My second suggestion is for Gloria Macapagal-Arroyo and other officials to stop saying let us unite and rise over this. At the very least, it is superfluous. All you have to do is go to the relief centers to see the spontaneous outpouring of sympathy from everyone and their sincere desire to help the victims. This country has never had problems uniting when beset by a common threat or affliction. Like I said, disasters bring out the best in us. You do not have to cajole Filipinos to rise above themselves during these times.

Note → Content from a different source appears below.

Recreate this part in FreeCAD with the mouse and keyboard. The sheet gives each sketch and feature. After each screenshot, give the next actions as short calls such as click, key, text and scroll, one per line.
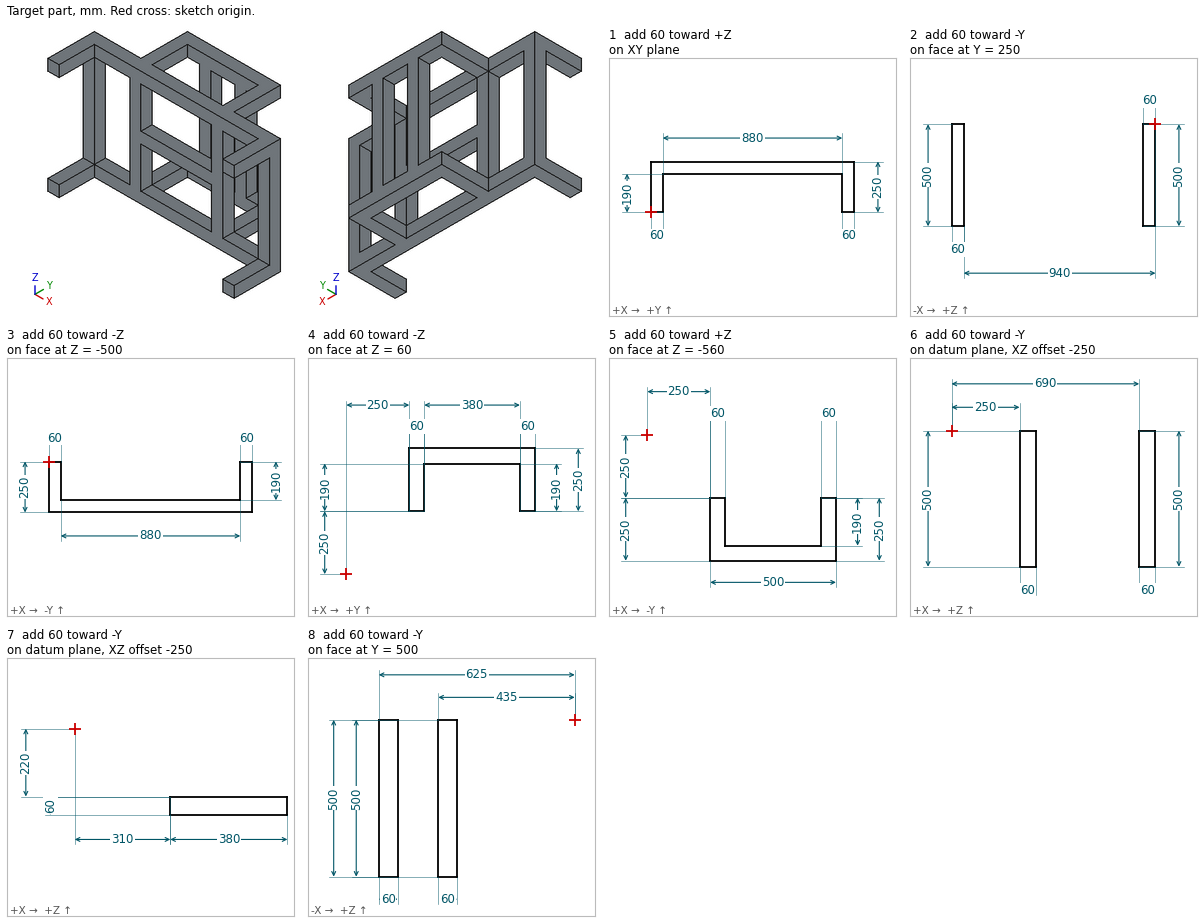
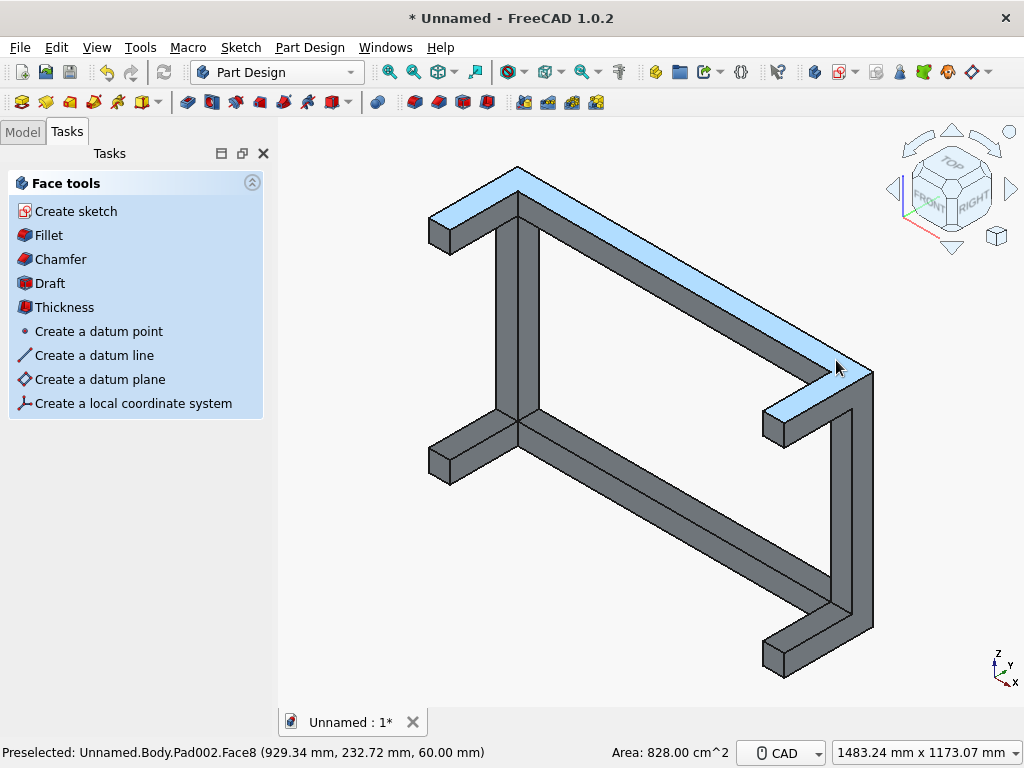
click(840, 72)

But more than this, the call is insidious. It is premised, like the same call that attended the kidnapping of Angelo de la Cruz et al., on forgetting who caused the disaster and filling our minds only with feel-good thoughts. Why on earth would I want to unite with the loggers -- and the real criminals, to repeat, are the legal loggers and not the illegal ones -- and rise over this with them? It was their logs that tumbled down the mountain and mangled the children who slept the sleep of the innocent, dreaming of Christmas, and buried them in the mud. I do not want to unite with them, I want to haul their asses to court and seek justice for the dead.

My last suggestion is for all of us. There's nothing more breathtaking than seeing people tying themselves to a tree and jumping into the floodwaters to rescue the drowning. There's nothing more inspiring than seeing the youth toiling day and night in relief centers and people everywhere chipping in to help the hapless. There's nothing more satisfying than public officials, businessmen and the rich of Metro Manila rushing to send trucks and choppers and equipment to the afflicted areas to rescue the hungry and dying.

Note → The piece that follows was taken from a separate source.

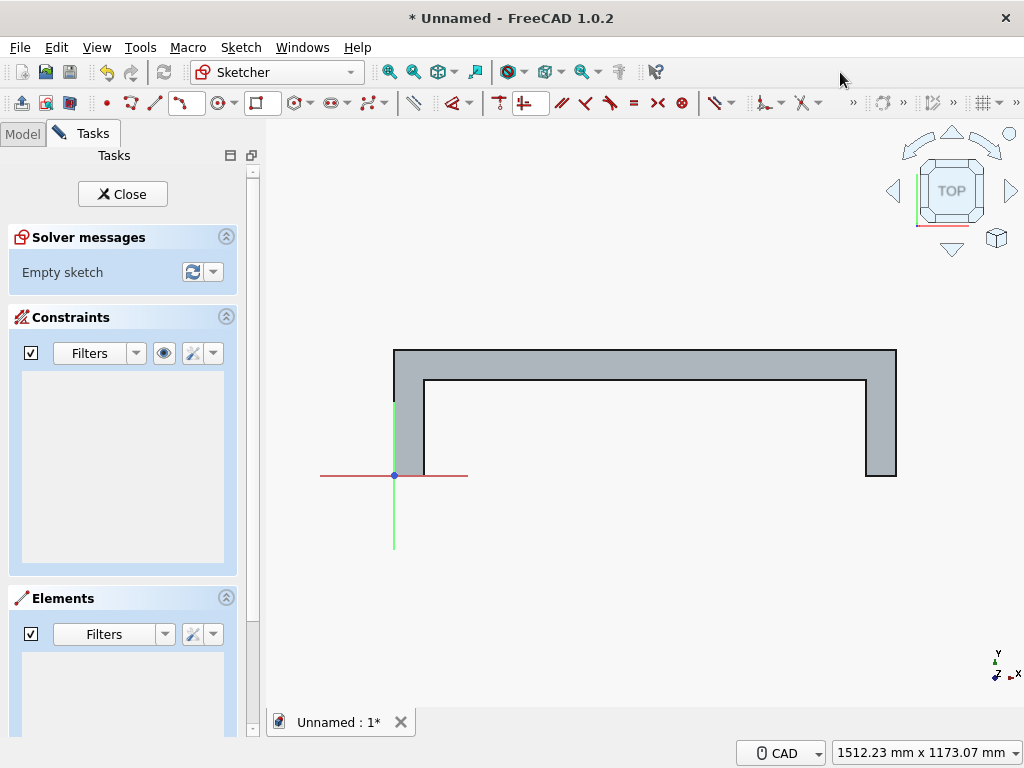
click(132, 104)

But why in God's name do we have to wait for disasters to do this? Why can't public officials and businessmen and the rich simply do this by not pillaging the treasury, by paying decent wages and distributing goods through land and asset reform? Why can't we rise to heights of selflessness, or show an ardent desire to help others, or serve the people, as the activists put it, other than through relief operations? Why can't we tie ourselves to a tree or post and throw the other end to a country that is being swept away by the rampaging waters?

There's one other property of giving. Like God, it has no beginning and it has no end.